→ **Data items**
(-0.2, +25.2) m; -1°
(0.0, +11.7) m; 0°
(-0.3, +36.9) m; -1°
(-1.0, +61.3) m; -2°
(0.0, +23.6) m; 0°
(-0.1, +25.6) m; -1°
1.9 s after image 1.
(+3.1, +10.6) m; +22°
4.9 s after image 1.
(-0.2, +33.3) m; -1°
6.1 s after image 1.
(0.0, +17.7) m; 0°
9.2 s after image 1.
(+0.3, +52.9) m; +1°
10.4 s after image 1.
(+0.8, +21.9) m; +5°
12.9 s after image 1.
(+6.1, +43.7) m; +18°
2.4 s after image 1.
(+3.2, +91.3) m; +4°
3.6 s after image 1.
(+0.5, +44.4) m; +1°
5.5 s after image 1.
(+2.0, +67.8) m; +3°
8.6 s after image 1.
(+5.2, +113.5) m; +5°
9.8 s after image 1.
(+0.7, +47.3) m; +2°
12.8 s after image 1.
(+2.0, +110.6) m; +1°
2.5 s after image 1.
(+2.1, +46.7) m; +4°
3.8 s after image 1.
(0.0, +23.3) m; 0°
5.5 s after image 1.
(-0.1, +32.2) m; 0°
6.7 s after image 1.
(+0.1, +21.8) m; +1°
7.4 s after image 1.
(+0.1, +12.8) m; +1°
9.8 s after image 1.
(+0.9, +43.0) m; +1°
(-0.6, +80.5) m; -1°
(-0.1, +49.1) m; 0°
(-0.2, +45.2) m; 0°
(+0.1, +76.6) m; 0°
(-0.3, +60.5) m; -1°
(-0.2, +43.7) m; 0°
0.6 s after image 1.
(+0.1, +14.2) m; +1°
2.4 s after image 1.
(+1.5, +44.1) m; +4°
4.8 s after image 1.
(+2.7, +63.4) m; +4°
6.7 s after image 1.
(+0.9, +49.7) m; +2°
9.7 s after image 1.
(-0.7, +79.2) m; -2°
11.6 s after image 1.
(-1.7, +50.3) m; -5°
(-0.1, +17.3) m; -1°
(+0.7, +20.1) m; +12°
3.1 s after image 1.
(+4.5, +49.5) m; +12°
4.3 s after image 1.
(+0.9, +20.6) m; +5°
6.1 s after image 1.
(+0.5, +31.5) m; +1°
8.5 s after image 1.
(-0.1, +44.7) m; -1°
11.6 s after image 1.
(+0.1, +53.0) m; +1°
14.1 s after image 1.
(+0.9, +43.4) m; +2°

→ **Your goal**
The lines to reproduce run from the one that contains "3.1 s after image 1." through the last line above; copy them exactly.

→ **Written solution**
3.1 s after image 1.
(+4.5, +49.5) m; +12°
4.3 s after image 1.
(+0.9, +20.6) m; +5°
6.1 s after image 1.
(+0.5, +31.5) m; +1°
8.5 s after image 1.
(-0.1, +44.7) m; -1°
11.6 s after image 1.
(+0.1, +53.0) m; +1°
14.1 s after image 1.
(+0.9, +43.4) m; +2°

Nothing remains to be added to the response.